Dr. Amal Abduallah Afre is part of the first of two mobile health teams that support ten health centres in Amran, Yemen. Credit: Ala’a Al-Eryani/Save the Children
Dr. Amal Abduallah Afre is 26 years old. She lives in Sana’a, the capital of Yemen. Her working day starts by making a 1.5 hour trip from her home in Sana’a, to the Save the Children office in Amran. Dr. Amal forms part of the first of two mobile health teams that support ten understaffed health centres in four districts in Amran.
Ever since Save the Children started the mobile health clinic project, women in the west Al-Baida area keenly visit whenever the mobile health team is in town. The numbers of those coming to the centre is increasing day by day and Dr. Amal says she is seeing a marked difference in the rise of women’s confidence and their eagerness to come every two weeks for check-ups.
One of Dr, Amal’s patients is Abeer Issa Mohammed, 30, who is 8 months pregnant. She says “I am a mother of two children who are Adel (10 years old) and Faisal (8 years old), and I’m also waiting for my new baby to be born.

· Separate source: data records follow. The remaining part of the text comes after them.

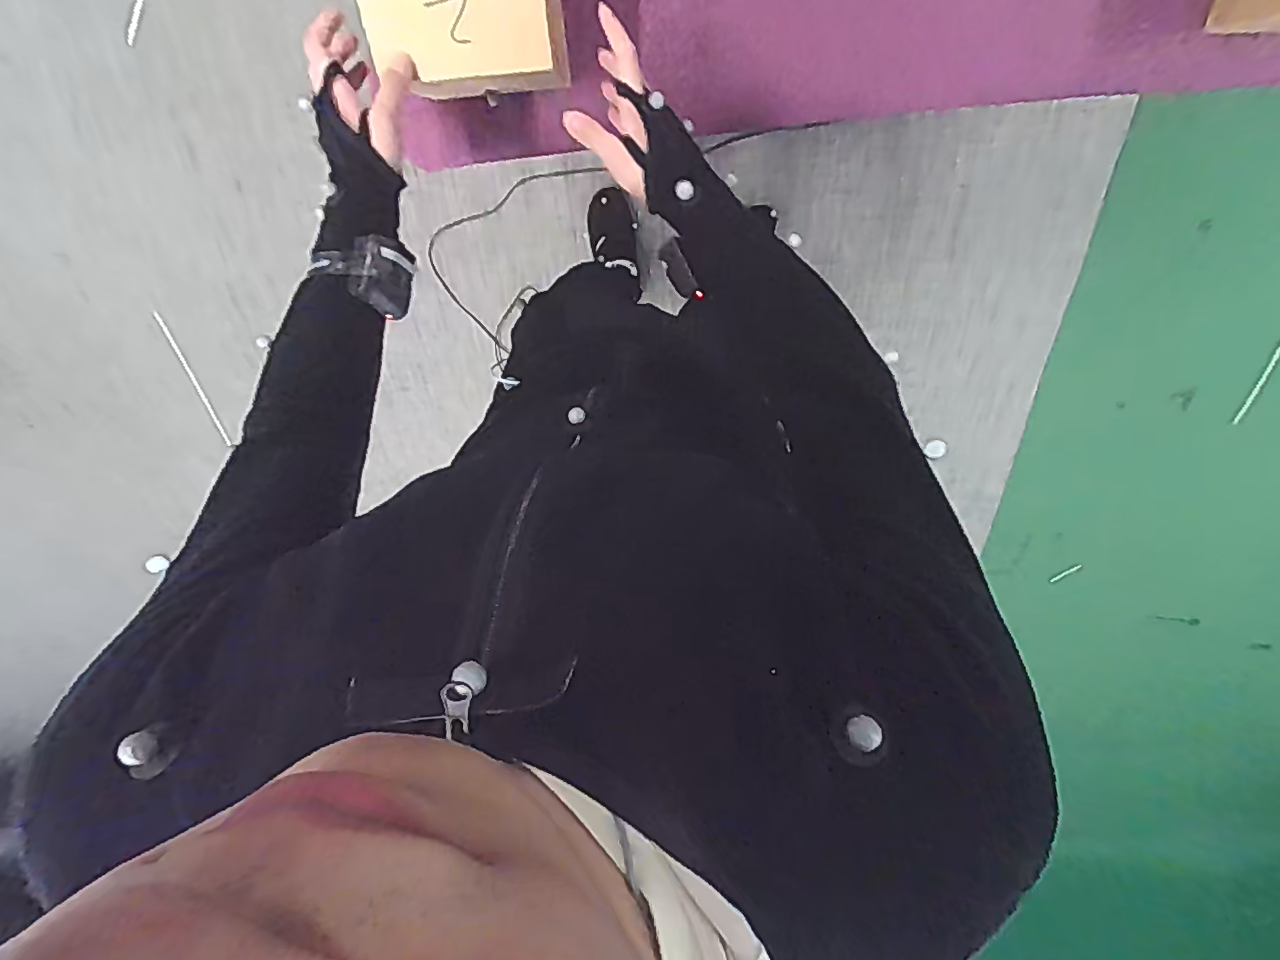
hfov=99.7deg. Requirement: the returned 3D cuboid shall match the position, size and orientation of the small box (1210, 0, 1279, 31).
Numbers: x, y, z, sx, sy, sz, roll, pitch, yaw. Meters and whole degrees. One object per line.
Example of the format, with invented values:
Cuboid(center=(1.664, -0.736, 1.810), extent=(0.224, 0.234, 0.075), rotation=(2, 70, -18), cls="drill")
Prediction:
Cuboid(center=(0.710, -0.527, 0.488), extent=(0.179, 0.176, 0.168), rotation=(0, 121, 1), cls="small box")

Before this project started, I used to go to a health center in Al-Salkhana, which is 15 minutes away from my home by car. This has cost us so much, especially now that I’m always keen to follow-up on my pregnancy. Now with the mobile health team, my husband and I are both so relieved that we can easily come for a check-up and my husband can use the money for other necessary things. I started my follow-up with the doctor and this is my second visit here. My baby and I are now better after they discovered that I have a small case of anemia. I was advised to eat certain foods and was also given some medicine, which really benefited me.
The doctor Salwa is really good and I put all my trust in her. I’ll keep coming here for follow-up and even after giving birth I won’t stop taking her advice. I really hope that this mobile health team can be available for us all the time so that we can get help whenever we need it.”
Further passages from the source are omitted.